XXVII Crônicas Anacrônicas: Um manifesto pelo direito ao pensamento lento

Por Luiz Henrique Lima Faria

Sobre o livro

XXVII Crônicas Anacrônicas: Um Manifesto pelo Direito ao Pensamento Lento nasce de uma recusa deliberada ao ritmo vertiginoso que caracteriza o tempo presente.

Em uma época marcada pela exigência de respostas imediatas, pela compressão das ideias em poucos caracteres e pela redução da experiência a fragmentos consumíveis, a escrita de crônicas se afirma como gesto refratário.

Não por nostalgia, mas como resistência à superficialidade narrativa do cotidiano instituída como norma.

Assumindo o anacrônico e o lento como virtudes, e não como disfunções do pensamento, a obra tensiona a lógica dominante que converte a compressão dos significados e a aceleração do pensamento em critérios de valor, em detrimento da reflexão.

O anacrônico, nesse horizonte, deixa de designar inadequação para se afirmar como posição ética, aquela que se recusa a aderir ao fluxo automático de um tempo que dispersa mais do que esclarece.

O lento, por sua vez, não se confunde com atraso, mas se constitui como condição de possibilidade da elaboração, da permanência e da construção de sentido em meio ao excesso de estímulos que caracteriza a vida contemporânea. Cada crônica se configura, assim, como um exercício de escuta e de atenção.

Não se prestam ao alívio imediato da autoajuda, nem à satisfação da demanda crescente por entretenimento leve. Ao contrário, inscrevem-se como tentativas de sustentar a densidade da experiência humana em um mundo que a esvazia.

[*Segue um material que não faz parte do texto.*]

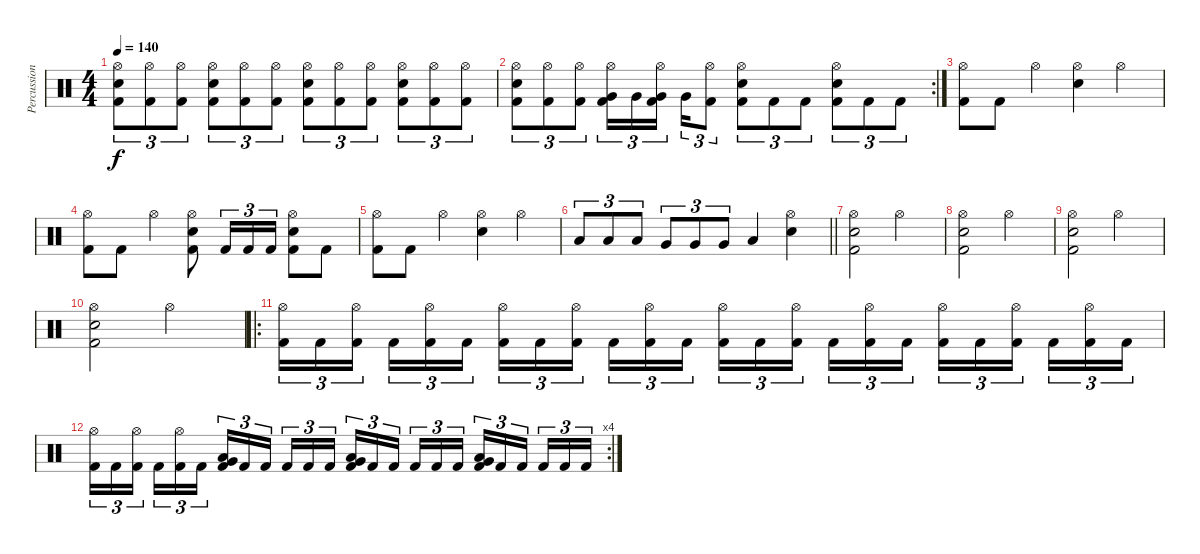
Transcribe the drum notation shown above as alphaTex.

São textos que nascem de inquietações que resistem à anestesia do presente, de perguntas que não se deixam acomodar à lógica da utilidade nem à economia da urgência dopamínica. Esta obra se inscreve como manifesto precisamente por se colocar em desacordo com o espírito de seu tempo.

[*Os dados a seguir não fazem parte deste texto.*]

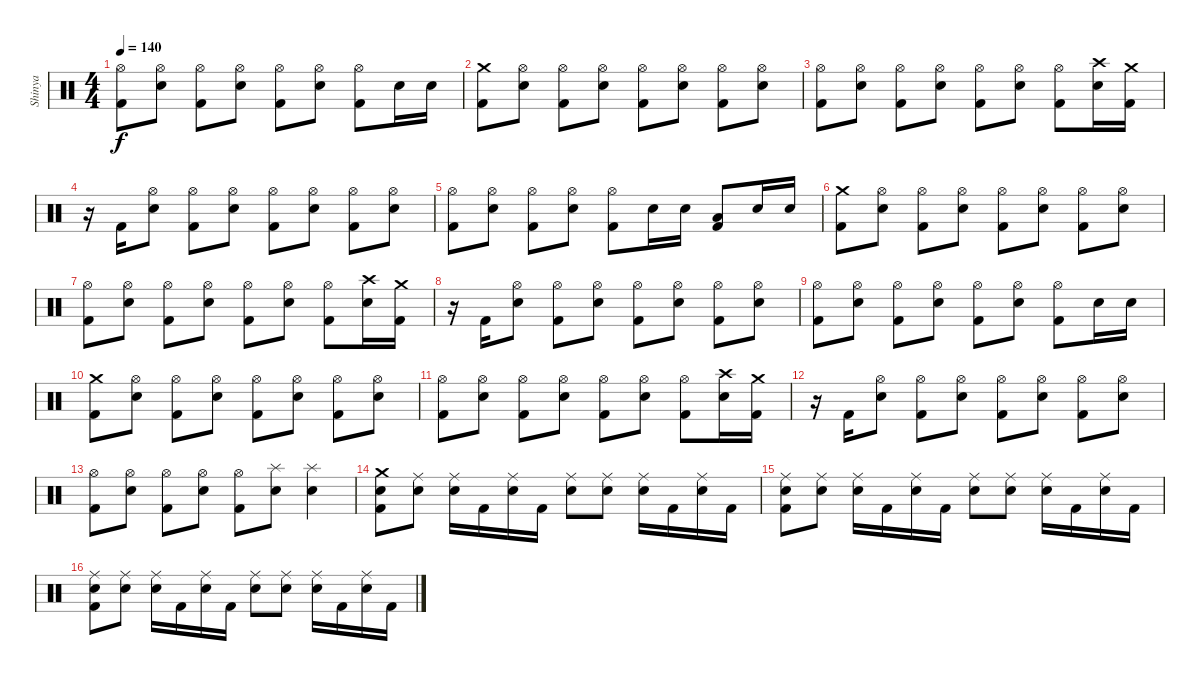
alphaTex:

\track ("Shinya" "Shinya") {instrument percussion}
\staff {score}
\articulation defaults
\ts (4 4)
\tempo 140
\clef neutral
\ks c
("Hi-Hat (open)" "Kick (hit) 2").8{dy f} ("Hi-Hat (open)" "Snare (hit) 2").8 ("Hi-Hat (open)" "Kick (hit) 2").8 ("Hi-Hat (open)" "Snare (hit) 2").8 ("Hi-Hat (open)" "Kick (hit) 2").8 ("Hi-Hat (open)" "Snare (hit) 2").8 ("Hi-Hat (open)" "Kick (hit) 2").8 "Snare (hit) 2".16 "Snare (hit) 2".16 |
("Crash medium (hit)" "Kick (hit) 2").8 ("Hi-Hat (open)" "Snare (hit) 2").8 ("Hi-Hat (open)" "Kick (hit) 2").8 ("Hi-Hat (open)" "Snare (hit) 2").8 ("Hi-Hat (open)" "Kick (hit) 2").8 ("Hi-Hat (open)" "Snare (hit) 2").8 ("Hi-Hat (open)" "Kick (hit) 2").8 ("Hi-Hat (open)" "Snare (hit) 2").8 |
("Hi-Hat (open)" "Kick (hit) 2").8 ("Hi-Hat (open)" "Snare (hit) 2").8 ("Hi-Hat (open)" "Kick (hit) 2").8 ("Hi-Hat (open)" "Snare (hit) 2").8 ("Hi-Hat (open)" "Kick (hit) 2").8 ("Hi-Hat (open)" "Snare (hit) 2").8 ("Hi-Hat (open)" "Kick (hit) 2").8 ("Crash high (hit)" "Snare (hit) 2").16 ("Crash medium (hit)" "Kick (hit) 2").16 |
r.16 "Kick (hit) 2".16 ("Hi-Hat (open)" "Snare (hit) 2").8 ("Hi-Hat (open)" "Kick (hit) 2").8 ("Hi-Hat (open)" "Snare (hit) 2").8 ("Hi-Hat (open)" "Kick (hit) 2").8 ("Hi-Hat (open)" "Snare (hit) 2").8 ("Hi-Hat (open)" "Kick (hit) 2").8 ("Hi-Hat (open)" "Snare (hit) 2").8 |
("Hi-Hat (open)" "Kick (hit) 2").8 ("Hi-Hat (open)" "Snare (hit) 2").8 ("Hi-Hat (open)" "Kick (hit) 2").8 ("Hi-Hat (open)" "Snare (hit) 2").8 ("Hi-Hat (open)" "Kick (hit) 2").8 "Snare (hit) 2".16 "Snare (hit) 2".16 ("Low Tom (hit)" "Kick (hit) 2").8 "Snare (hit) 2".16 "Snare (hit) 2".16 |
("Crash medium (hit)" "Kick (hit) 2").8 ("Hi-Hat (open)" "Snare (hit) 2").8 ("Hi-Hat (open)" "Kick (hit) 2").8 ("Hi-Hat (open)" "Snare (hit) 2").8 ("Hi-Hat (open)" "Kick (hit) 2").8 ("Hi-Hat (open)" "Snare (hit) 2").8 ("Hi-Hat (open)" "Kick (hit) 2").8 ("Hi-Hat (open)" "Snare (hit) 2").8 |
("Hi-Hat (open)" "Kick (hit) 2").8 ("Hi-Hat (open)" "Snare (hit) 2").8 ("Hi-Hat (open)" "Kick (hit) 2").8 ("Hi-Hat (open)" "Snare (hit) 2").8 ("Hi-Hat (open)" "Kick (hit) 2").8 ("Hi-Hat (open)" "Snare (hit) 2").8 ("Hi-Hat (open)" "Kick (hit) 2").8 ("Crash high (hit)" "Snare (hit) 2").16 ("Crash medium (hit)" "Kick (hit) 2").16 |
r.16 "Kick (hit) 2".16 ("Hi-Hat (open)" "Snare (hit) 2").8 ("Hi-Hat (open)" "Kick (hit) 2").8 ("Hi-Hat (open)" "Snare (hit) 2").8 ("Hi-Hat (open)" "Kick (hit) 2").8 ("Hi-Hat (open)" "Snare (hit) 2").8 ("Hi-Hat (open)" "Kick (hit) 2").8 ("Hi-Hat (open)" "Snare (hit) 2").8 |
("Hi-Hat (open)" "Kick (hit) 2").8 ("Hi-Hat (open)" "Snare (hit) 2").8 ("Hi-Hat (open)" "Kick (hit) 2").8 ("Hi-Hat (open)" "Snare (hit) 2").8 ("Hi-Hat (open)" "Kick (hit) 2").8 ("Hi-Hat (open)" "Snare (hit) 2").8 ("Hi-Hat (open)" "Kick (hit) 2").8 "Snare (hit) 2".16 "Snare (hit) 2".16 |
("Crash medium (hit)" "Kick (hit) 2").8 ("Hi-Hat (open)" "Snare (hit) 2").8 ("Hi-Hat (open)" "Kick (hit) 2").8 ("Hi-Hat (open)" "Snare (hit) 2").8 ("Hi-Hat (open)" "Kick (hit) 2").8 ("Hi-Hat (open)" "Snare (hit) 2").8 ("Hi-Hat (open)" "Kick (hit) 2").8 ("Hi-Hat (open)" "Snare (hit) 2").8 |
("Hi-Hat (open)" "Kick (hit) 2").8 ("Hi-Hat (open)" "Snare (hit) 2").8 ("Hi-Hat (open)" "Kick (hit) 2").8 ("Hi-Hat (open)" "Snare (hit) 2").8 ("Hi-Hat (open)" "Kick (hit) 2").8 ("Hi-Hat (open)" "Snare (hit) 2").8 ("Hi-Hat (open)" "Kick (hit) 2").8 ("Crash high (hit)" "Snare (hit) 2").16 ("Crash medium (hit)" "Kick (hit) 2").16 |
r.16 "Kick (hit) 2".16 ("Hi-Hat (open)" "Snare (hit) 2").8 ("Hi-Hat (open)" "Kick (hit) 2").8 ("Hi-Hat (open)" "Snare (hit) 2").8 ("Hi-Hat (open)" "Kick (hit) 2").8 ("Hi-Hat (open)" "Snare (hit) 2").8 ("Hi-Hat (open)" "Kick (hit) 2").8 ("Hi-Hat (open)" "Snare (hit) 2").8 |
("Hi-Hat (open)" "Kick (hit) 2").8 ("Hi-Hat (open)" "Snare (hit) 2").8 ("Hi-Hat (open)" "Kick (hit) 2").8 ("Hi-Hat (open)" "Snare (hit) 2").8 ("Hi-Hat (open)" "Kick (hit) 2").8 ("Splash (hit)" "Snare (hit) 2").8 ("Splash (hit)" "Snare (hit) 2").4 |
("Crash medium (hit)" "Snare (hit) 2" "Kick (hit) 2").8 ("Ride (middle)" "Snare (hit) 2").8 ("Ride (middle)" "Snare (hit) 2").16 "Kick (hit) 2".16 ("Ride (middle)" "Snare (hit) 2").16 "Kick (hit) 2".16 ("Ride (middle)" "Snare (hit) 2").8 ("Ride (middle)" "Snare (hit) 2").8 ("Ride (middle)" "Snare (hit) 2").16 "Kick (hit) 2".16 ("Ride (middle)" "Snare (hit) 2").16 "Kick (hit) 2".16 |
("Ride (middle)" "Snare (hit) 2" "Kick (hit) 2").8 ("Ride (middle)" "Snare (hit) 2").8 ("Ride (middle)" "Snare (hit) 2").16 "Kick (hit) 2".16 ("Ride (middle)" "Snare (hit) 2").16 "Kick (hit) 2".16 ("Ride (middle)" "Snare (hit) 2").8 ("Ride (middle)" "Snare (hit) 2").8 ("Ride (middle)" "Snare (hit) 2").16 "Kick (hit) 2".16 ("Ride (middle)" "Snare (hit) 2").16 "Kick (hit) 2".16 |
("Ride (middle)" "Snare (hit) 2" "Kick (hit) 2").8 ("Ride (middle)" "Snare (hit) 2").8 ("Ride (middle)" "Snare (hit) 2").16 "Kick (hit) 2".16 ("Ride (middle)" "Snare (hit) 2").16 "Kick (hit) 2".16 ("Ride (middle)" "Snare (hit) 2").8 ("Ride (middle)" "Snare (hit) 2").8 ("Ride (middle)" "Snare (hit) 2").16 "Kick (hit) 2".16 ("Ride (middle)" "Snare (hit) 2").16 "Kick (hit) 2".16

Não como recusa estéril, mas como gesto afirmativo de que ainda é possível uma vida mais sóbria e reflexiva.

Ao reivindicar o direito ao pensamento que se demora, a obra convida o leitor a um desacordo fecundo, a uma pausa necessária, a um reencontro com aquilo que, mesmo sob o ruído incessante do mundo, ainda resiste ao esvaziamento da experiência de viver.